Picking the right coach for the Super Eagles to prepare for the 2026 World Cup can benchmark how the game would look in the future. But there exist some meddlesome interlopers who make it their duty to advise the NFF. One of such interlopers emerged during the week threatening to sue the federation if a local coach wasn’t recruited as the next Super Eagles coach. This is my problem with elites in Nigeria. Elites whose children school overseas are arguing against ‘wastage’ on foreign coaches. Hypocrites. These elites do business with foreigners. In some instances, these interlopers employ foreigners to do jobs in their businesses which could be done by Nigerians. Colonial mentality.

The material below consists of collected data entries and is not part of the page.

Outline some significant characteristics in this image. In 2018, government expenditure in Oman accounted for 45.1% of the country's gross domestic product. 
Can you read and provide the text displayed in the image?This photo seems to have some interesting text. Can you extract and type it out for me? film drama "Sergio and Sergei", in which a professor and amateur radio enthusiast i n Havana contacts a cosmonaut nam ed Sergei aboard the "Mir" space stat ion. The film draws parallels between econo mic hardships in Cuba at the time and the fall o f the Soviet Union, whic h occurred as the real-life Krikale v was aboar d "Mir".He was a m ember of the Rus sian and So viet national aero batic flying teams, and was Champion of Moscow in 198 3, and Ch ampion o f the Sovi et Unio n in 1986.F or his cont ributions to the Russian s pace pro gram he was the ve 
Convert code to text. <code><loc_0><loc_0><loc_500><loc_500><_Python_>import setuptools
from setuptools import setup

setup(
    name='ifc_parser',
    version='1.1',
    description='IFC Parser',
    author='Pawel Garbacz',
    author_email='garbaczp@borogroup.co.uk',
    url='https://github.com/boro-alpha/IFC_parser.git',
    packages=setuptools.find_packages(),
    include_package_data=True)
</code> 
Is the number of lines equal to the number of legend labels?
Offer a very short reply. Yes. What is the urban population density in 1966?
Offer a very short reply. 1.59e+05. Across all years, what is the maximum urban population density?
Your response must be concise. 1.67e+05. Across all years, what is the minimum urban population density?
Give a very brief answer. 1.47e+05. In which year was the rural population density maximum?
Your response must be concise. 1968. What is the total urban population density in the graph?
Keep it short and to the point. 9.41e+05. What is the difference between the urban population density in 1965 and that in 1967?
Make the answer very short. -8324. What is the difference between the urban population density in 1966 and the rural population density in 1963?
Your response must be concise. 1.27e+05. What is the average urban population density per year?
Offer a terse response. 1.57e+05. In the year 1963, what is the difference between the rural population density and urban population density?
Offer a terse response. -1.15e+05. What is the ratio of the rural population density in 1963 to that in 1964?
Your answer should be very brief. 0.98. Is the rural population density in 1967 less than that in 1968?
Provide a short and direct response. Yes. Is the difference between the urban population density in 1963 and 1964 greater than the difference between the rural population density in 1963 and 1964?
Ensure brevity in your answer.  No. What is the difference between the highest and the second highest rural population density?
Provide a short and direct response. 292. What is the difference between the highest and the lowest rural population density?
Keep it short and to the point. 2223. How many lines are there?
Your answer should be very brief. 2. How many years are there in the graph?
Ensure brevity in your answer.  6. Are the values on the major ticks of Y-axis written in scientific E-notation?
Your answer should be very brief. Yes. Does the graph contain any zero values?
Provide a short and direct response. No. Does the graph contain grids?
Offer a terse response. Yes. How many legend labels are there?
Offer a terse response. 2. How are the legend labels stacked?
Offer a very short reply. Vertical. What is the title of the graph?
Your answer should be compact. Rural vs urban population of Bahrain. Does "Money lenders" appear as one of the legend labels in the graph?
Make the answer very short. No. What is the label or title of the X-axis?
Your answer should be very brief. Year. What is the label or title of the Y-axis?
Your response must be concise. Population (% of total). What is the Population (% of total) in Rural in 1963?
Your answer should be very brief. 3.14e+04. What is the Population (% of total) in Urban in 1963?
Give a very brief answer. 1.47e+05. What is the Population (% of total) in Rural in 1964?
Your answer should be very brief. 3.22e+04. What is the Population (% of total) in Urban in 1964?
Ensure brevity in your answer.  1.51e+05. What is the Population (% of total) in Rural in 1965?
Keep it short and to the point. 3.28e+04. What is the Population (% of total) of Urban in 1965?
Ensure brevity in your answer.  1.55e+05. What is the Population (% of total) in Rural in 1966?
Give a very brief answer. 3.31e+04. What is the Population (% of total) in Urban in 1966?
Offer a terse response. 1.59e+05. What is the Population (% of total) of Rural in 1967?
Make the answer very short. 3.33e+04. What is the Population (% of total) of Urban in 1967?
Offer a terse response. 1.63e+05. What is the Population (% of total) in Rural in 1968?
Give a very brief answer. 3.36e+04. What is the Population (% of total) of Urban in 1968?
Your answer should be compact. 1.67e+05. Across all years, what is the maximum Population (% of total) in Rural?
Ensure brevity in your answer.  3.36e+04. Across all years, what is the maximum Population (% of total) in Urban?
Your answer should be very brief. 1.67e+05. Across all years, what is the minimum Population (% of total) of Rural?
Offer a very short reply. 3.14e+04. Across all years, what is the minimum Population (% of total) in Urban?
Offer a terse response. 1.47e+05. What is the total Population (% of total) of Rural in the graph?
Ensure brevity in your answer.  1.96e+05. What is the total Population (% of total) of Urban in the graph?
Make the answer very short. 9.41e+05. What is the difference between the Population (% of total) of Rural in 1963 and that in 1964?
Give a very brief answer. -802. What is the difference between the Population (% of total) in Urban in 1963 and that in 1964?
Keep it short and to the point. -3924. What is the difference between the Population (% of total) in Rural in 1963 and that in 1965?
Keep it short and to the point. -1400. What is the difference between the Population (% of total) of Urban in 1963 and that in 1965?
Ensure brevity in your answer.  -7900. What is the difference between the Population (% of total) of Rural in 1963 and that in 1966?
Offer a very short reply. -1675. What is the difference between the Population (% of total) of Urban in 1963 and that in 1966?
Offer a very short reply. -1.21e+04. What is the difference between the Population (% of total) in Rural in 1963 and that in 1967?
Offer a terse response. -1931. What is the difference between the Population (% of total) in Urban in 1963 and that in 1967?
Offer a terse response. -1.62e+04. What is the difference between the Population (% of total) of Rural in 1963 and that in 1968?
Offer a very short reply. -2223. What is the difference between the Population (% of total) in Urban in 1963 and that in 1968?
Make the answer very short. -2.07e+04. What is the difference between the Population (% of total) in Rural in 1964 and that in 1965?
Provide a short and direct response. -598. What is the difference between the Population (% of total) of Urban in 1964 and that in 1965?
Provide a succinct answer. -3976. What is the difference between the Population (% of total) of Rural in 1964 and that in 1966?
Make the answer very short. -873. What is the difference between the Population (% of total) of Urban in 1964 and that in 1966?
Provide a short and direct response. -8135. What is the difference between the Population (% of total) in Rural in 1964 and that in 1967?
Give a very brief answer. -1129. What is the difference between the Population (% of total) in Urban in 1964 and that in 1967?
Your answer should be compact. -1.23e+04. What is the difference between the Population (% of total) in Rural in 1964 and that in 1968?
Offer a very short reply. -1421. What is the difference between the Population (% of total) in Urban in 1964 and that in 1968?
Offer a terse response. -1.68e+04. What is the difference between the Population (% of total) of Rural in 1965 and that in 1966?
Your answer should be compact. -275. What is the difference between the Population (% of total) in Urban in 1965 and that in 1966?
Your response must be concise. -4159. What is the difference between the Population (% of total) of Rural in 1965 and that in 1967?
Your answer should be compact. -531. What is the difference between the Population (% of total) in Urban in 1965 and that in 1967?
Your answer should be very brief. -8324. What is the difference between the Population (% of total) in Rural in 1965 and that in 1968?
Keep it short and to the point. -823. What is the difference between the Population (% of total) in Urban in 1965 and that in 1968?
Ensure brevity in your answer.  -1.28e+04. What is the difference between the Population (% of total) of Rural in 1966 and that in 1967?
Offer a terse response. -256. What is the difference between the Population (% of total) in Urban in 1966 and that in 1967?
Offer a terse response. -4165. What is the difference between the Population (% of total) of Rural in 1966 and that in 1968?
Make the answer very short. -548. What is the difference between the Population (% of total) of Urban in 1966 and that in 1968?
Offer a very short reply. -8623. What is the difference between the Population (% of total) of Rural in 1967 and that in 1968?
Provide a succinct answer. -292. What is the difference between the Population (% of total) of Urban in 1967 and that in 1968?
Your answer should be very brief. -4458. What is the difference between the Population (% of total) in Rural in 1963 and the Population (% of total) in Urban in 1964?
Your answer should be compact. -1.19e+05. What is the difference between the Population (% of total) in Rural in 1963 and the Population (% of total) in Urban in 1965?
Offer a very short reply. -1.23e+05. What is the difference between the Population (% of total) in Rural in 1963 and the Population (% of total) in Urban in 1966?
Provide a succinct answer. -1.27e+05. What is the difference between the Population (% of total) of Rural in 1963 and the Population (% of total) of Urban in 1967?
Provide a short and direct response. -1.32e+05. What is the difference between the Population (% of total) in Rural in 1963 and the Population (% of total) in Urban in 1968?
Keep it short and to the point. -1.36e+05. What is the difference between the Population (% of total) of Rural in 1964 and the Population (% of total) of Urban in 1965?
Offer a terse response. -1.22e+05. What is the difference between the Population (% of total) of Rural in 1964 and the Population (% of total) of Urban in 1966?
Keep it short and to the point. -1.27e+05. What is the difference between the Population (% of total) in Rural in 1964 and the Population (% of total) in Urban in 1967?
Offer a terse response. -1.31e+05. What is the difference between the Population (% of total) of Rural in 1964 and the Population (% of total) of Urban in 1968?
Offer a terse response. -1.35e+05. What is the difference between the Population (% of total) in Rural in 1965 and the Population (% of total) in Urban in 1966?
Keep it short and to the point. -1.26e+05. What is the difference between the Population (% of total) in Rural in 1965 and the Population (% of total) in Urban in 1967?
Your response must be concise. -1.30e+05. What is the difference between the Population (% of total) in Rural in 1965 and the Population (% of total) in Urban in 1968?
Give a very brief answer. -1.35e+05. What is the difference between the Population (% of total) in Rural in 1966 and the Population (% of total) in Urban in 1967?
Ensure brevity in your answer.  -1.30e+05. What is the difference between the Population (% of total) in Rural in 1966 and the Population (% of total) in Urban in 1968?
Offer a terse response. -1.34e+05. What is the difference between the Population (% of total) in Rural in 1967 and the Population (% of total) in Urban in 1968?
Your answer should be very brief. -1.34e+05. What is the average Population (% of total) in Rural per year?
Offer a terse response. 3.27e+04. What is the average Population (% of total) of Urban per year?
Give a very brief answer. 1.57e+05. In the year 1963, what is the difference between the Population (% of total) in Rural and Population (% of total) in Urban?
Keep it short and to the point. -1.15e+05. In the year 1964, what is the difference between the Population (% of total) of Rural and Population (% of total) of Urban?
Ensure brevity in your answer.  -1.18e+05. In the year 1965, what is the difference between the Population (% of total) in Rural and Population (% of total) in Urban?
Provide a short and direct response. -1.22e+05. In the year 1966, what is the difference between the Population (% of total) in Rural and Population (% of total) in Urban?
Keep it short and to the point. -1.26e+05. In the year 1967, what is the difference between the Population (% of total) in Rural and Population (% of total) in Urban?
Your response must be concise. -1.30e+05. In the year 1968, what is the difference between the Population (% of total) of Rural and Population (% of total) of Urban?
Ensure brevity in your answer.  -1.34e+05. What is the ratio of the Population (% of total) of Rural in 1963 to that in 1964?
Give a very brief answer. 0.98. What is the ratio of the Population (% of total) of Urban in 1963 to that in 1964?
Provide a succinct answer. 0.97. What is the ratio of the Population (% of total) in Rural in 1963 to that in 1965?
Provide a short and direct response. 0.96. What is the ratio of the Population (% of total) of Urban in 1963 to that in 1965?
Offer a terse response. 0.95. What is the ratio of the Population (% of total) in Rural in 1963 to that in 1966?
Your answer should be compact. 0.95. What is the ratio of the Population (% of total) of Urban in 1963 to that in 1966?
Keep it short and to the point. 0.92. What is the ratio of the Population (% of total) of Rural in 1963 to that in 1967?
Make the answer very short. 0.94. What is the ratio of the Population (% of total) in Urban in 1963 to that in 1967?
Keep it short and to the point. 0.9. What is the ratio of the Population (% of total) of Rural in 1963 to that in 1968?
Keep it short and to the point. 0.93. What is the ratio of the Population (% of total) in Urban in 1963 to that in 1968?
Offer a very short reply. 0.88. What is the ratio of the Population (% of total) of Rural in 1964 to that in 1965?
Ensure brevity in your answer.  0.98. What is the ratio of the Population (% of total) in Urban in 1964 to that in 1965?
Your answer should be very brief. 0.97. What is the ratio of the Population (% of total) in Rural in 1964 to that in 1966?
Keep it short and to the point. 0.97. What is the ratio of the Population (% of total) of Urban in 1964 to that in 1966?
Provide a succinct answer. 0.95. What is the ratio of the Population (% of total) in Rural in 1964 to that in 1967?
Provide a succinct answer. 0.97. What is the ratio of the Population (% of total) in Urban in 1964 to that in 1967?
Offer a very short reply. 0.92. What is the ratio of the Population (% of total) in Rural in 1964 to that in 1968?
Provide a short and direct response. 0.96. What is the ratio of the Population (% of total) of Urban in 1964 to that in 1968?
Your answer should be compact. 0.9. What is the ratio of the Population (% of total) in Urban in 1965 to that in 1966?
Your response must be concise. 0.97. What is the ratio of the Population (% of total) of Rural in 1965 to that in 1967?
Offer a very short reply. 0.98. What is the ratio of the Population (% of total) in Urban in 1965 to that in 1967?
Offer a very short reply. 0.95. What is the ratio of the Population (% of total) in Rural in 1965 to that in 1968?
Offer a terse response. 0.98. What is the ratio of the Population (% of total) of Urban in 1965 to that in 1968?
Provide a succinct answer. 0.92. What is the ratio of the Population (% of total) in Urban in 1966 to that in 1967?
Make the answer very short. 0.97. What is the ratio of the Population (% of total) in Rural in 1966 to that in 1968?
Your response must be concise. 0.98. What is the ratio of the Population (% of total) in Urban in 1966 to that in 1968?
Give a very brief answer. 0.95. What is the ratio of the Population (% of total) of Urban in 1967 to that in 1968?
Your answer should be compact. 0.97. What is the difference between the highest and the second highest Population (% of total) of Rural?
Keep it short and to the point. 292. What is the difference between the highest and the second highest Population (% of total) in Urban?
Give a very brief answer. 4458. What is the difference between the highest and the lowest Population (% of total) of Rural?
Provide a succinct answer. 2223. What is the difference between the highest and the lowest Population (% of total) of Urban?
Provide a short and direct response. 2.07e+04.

They are the forerunners of controversies who have kept football on its knees instead of proffering ideas to lift it up to attract good corporate patronage which would make the NFF solvent, not what it has always been – a stool for mystery. Funding for the NFF  is best achieved when the federation isn’t associated with needless controversies such as these. The corporate firm won’t associate their goods and services with ventures perpetually enmeshed in crises.

The net income before income tax and social security contributions generated by the Confederação Brasileira de Futebol (CBF) in 2022 amounted to nearly 143.5 million Brazilian reals, or around 28.4 million U.S. dollars based on the exchange rates of May 31st of that year. This figure represents an increase of roughly 108 percent versus a year earlier.

The Football Association (known by its abbreviation The FA) is the governing body of association football in England and the Crown Dependencies of Jersey, Guernsey, and the Isle of Man. Formed in 1863, it is the oldest football association in the world and is responsible for overseeing all aspects of the amateur and professional game in its territory. The Football Association’s net worth in the last five years is as follows:

The Football Association Networth 2024     $2.82 Billion

The Football Association Networth 2023     $2.54 Billion

The Football Association Networth 2022     $2.26 Billion

The Football Association Networth 2021     $1.98 Billion

The Football Association Networth 2020     $1.69 Billion

This is according to Statista Research Department on Aug 25, 2023, the revenue of the German Football Association (DFB) from 2017 to 2020, by segment.

In 2020, sponsoring and other marketing brought in roughly 163,098 Euros worth of revenue.

Professional football in Spain is a sociocultural event that significantly contributes to the Spanish economy in terms of demand and supply. In economic terms, during 2013, professional football generated more than €7.6 billion, including direct, indirect, and induced effects, representing 0.75% of the Spanish GDP.